Did you apply a patch to the version once you’ve cloned it? what version did you cloned?
can you please describe the whole process you have executed?
what is your hardware platform?
The device is the xavier A in the DRIVE AGX Xavier™ Developer Kit
what is the software version you are using?
DRIVE Software 10
what are you trying to achieve?
try to install the pytorch1.1.0 (which need to be compatible with CUDA 10.2 in Drive Software 10.0)
Did you apply a patch to the version once you’ve cloned it? what version did you cloned?
I didn’t apply any patches, and the version branch is v1.1.0
can you please describe the whole process you have executed?
I just followed the instructions for jetson but skipped the step of “apply patches”. PyTorch for Jetson
before following the instructions, executing the following command sudo dpkg -i /var/cuda-repo-10-2-local-10.2.19/cuda-toolkit-10-2_10.2.19-1_arm64.deb (this will output an error) sudo apt --fix-broken -y install
(this will install all necessary include files, as the Drive platform is not meant for local development rather remote development, so include files are not needed)
apply a patch to the version as follow:
in file aten/src/ATen/native/quantized/cpu/qnnpack/src/q8gemm/8x8-dq-aarch64-neon.S (line 662)
This has compiled and the wheel was created on my side. also the “Verification” phase passed.

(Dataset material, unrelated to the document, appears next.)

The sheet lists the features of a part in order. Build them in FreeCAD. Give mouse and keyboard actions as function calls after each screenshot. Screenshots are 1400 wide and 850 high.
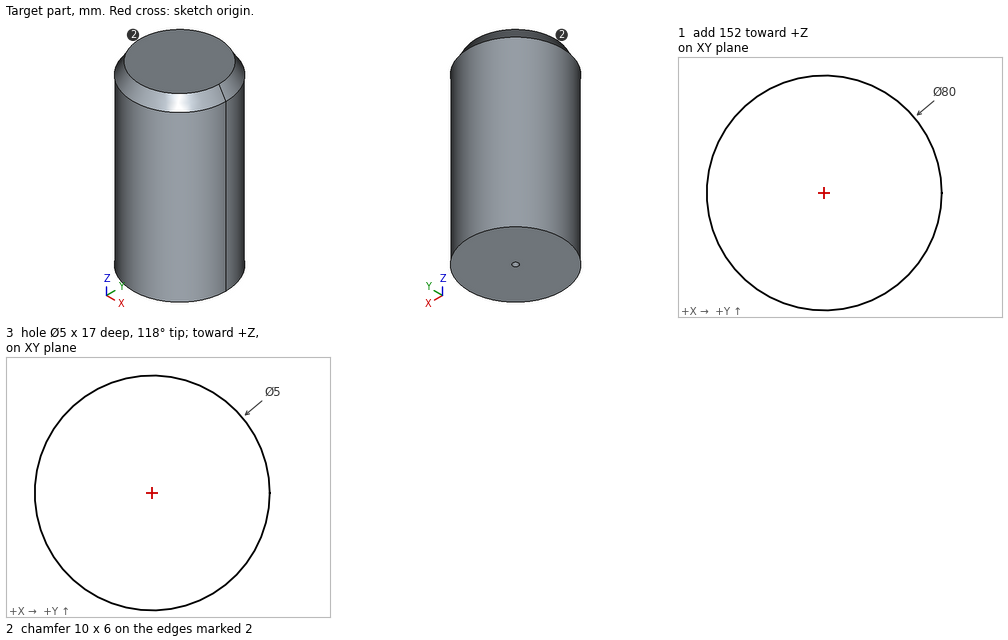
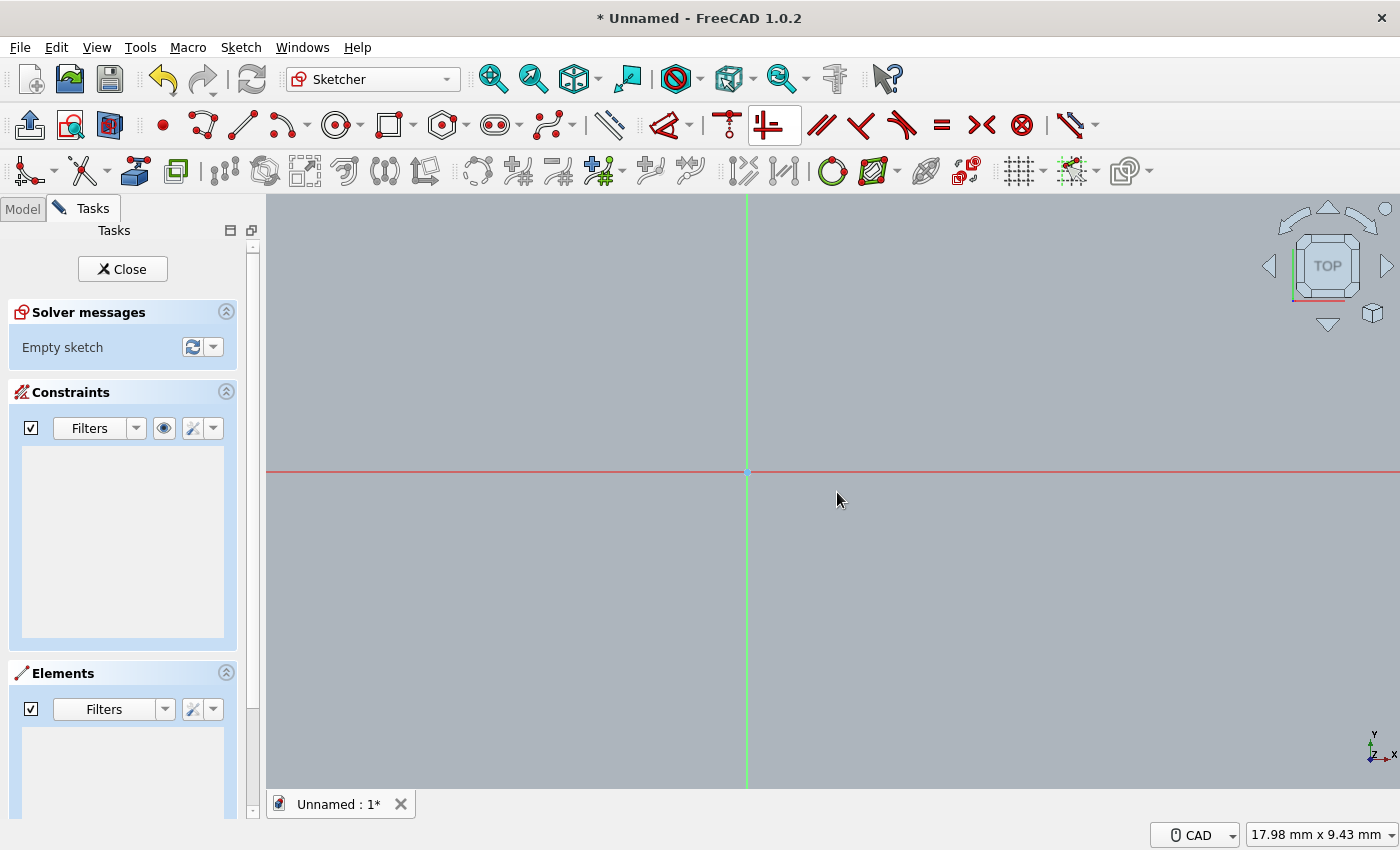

NOTE: please take into account that using PyTorch is not optimized for the Drive Platform, and using the TensorRT framework is the right way in order to best utilize the HW accelerators of the Drive AGX and by that get the best performance with DNN.
Hi,
Thanks for your detailed reply.
Yesterday, when I used the aptitude to resolve the dependencies, I didn’t realize that many packages can be removed to make the software system corrupted. So I have to re-flash the Software-10.0 to the AGX device, and after the flash, I found that the pip3 was not installed, and “sudo apt-get install python3-pip” also involves dependency problems:
The following packages have unmet dependencies: python3-pip : Depends: python-pip-whl (= 9.0.1-2) but 9.0.1-2.3~ubuntu1.18.04.1 is to be installed
Recommends: python3-dev (>= 3.2) but it is not going to be installed
Recommends: python3-wheel but it is not going to be installed
E: Unable to correct problems, you have held broken packages.
The dependency problem can be resolved by the aptitude tool, but its solutions includes remove or downgrade, and I’m not sure whether it will affect the system completetion.